You don't have to be six years old to be ignorant of haute cuisine, but Ratatouille is utterly unafraid of its audience's limitations. There is very little exposition about the rigors of the professional kitchen. The rodent hero, Rémy (Patton Oswalt) peers through a skylight at the bustle below and identifies the personnel to the ghost of the famous former chef, but that is about all the information that is passed on in verbal form. Everything else is visual, and none of it is crucial. Ratatouille is certainly not about cooking. It's about intrigue and ambition and creativity and working under immense pressure. It tells, as I say, a simple tale.

This is not to say that it does so in a simple way. Anything but. Our human hero, Linguini (Lou Romano), is not introduced right away. We don't meet him until we've had a substantial preliminary adventure story involving Rémy, his issues with his father, Django (Brian Dennehy), and his escape to "Paree." Unlike his friends and relations, Rémy loves good food. He is a great fan of Chef Gusteau (Brad Garrett), the famous chef who dies after losing a star in Anton Ego's review. Chef Gusteau's motto, "Anyone can cook," encourages Rémy in the belief that he could cook, if only someone would give him the chance.

The chance presents itself in the capital, to which Rémy is floated away in a drain. Of course he winds up at Gusteau's, where all is not as it should be. Now headed by the impish Skinner (Ian Holm), a dishonest and uninspired martinet, the restaurant is really just the springboard for a lot of knock-off food products that the real Chef Gusteau would have had nothing to do with. Skinner's hold on the restaurant is more tenuous than he imagines, for the menial "garbage boy" - Linguini - whom he has just berated will turn out to be Gusteau's heir.

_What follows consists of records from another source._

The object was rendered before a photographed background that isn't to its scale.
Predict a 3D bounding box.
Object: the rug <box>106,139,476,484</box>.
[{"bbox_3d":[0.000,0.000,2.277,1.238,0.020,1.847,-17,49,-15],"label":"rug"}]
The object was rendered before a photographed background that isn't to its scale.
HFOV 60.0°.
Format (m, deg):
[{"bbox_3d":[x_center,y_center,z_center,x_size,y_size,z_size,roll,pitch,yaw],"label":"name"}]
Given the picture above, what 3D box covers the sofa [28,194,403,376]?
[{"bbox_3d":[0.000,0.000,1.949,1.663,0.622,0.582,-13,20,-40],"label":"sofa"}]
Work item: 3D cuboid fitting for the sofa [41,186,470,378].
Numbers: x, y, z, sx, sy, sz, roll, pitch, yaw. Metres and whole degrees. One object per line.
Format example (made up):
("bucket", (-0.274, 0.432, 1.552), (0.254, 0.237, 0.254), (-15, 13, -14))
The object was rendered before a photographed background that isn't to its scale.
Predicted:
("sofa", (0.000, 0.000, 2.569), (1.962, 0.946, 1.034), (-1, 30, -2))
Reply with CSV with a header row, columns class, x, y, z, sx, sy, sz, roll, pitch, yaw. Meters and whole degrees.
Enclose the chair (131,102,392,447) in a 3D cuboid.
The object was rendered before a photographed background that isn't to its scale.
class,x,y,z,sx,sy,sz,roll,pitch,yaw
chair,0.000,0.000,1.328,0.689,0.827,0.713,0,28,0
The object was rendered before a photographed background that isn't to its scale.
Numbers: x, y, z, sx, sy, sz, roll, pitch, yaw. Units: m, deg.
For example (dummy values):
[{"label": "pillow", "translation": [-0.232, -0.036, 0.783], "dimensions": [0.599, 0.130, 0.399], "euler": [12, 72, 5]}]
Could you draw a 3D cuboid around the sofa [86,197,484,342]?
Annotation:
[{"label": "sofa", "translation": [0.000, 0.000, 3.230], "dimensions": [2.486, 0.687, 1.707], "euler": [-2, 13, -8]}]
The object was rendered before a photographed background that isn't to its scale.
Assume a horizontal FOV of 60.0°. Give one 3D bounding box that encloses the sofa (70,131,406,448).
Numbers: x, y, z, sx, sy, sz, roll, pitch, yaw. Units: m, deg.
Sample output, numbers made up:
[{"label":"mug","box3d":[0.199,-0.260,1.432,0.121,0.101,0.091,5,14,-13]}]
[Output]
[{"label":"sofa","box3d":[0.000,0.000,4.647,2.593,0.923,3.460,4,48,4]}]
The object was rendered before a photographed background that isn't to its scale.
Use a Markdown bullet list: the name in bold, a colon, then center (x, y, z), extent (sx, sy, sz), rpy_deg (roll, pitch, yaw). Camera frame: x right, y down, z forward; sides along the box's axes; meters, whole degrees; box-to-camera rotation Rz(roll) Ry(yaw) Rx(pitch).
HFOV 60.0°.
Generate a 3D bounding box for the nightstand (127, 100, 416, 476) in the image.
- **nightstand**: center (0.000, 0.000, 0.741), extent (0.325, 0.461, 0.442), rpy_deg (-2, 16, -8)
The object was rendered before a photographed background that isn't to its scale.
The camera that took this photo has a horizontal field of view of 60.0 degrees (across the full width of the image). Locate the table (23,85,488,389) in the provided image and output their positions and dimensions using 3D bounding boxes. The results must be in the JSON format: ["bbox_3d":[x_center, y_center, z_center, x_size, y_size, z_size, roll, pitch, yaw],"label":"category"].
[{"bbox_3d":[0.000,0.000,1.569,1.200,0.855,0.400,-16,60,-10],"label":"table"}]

It takes Rémy no time at all to see that Linguini can't cook. Before Linguini can ruin the soup, Rémy dashes into the kitchen to save it, with bits of this and that. The result is sublime. Linguini gets the credit, but is stumped by the problem of how he will make the soup the next night. At about this time, Rémy is discovered and captured. Linguini is ordered to drown him in the Seine.

That doesn't happen. In one impressive touch of imaginative hygiene, Linguini and Rémy communicate with nods and shrugs on the rat's part. When Rémy speaks, it is only to his near and dear. To Linguini, he is more like a very smart (and nimble) dog. In short order, the unlikely allies work out a modus operandi that involves Rémy's pulling tufts of Linguini's hair while concealed by his toque. Children will delight in the clowning that results. Adults may wonder, just a little, how likely it is that the ambitious Colette - the only woman in the kitchen (Janeane Garofalo) - takes a shine to the hapless Linguini. But of course she does.

A glance at the cast fails to show even one name of French provenance. Mr Bird and his company have had the clever idea of going for faked French accents. Just as shrewdly, if less admirably, Linguini and Rémy (and all the other rats as well) speak a very vernacular American; there's a decided Southwestern twang to Mr Oswalt's intonation. The real star of the show is the Pixar animation (and the imagination behind it). There are scenes so faithfully rendered that they look live-action, photographed rather than animated. At others, the full diapason of animated wonders is sounded. Everything happens at a superhuman pace. There's a chase scene worthy of Sylvester and Tweetie, only with an incomparably richer look and feel. And the food, although it's not discussed much, looks not only great, but very up-to-date as well.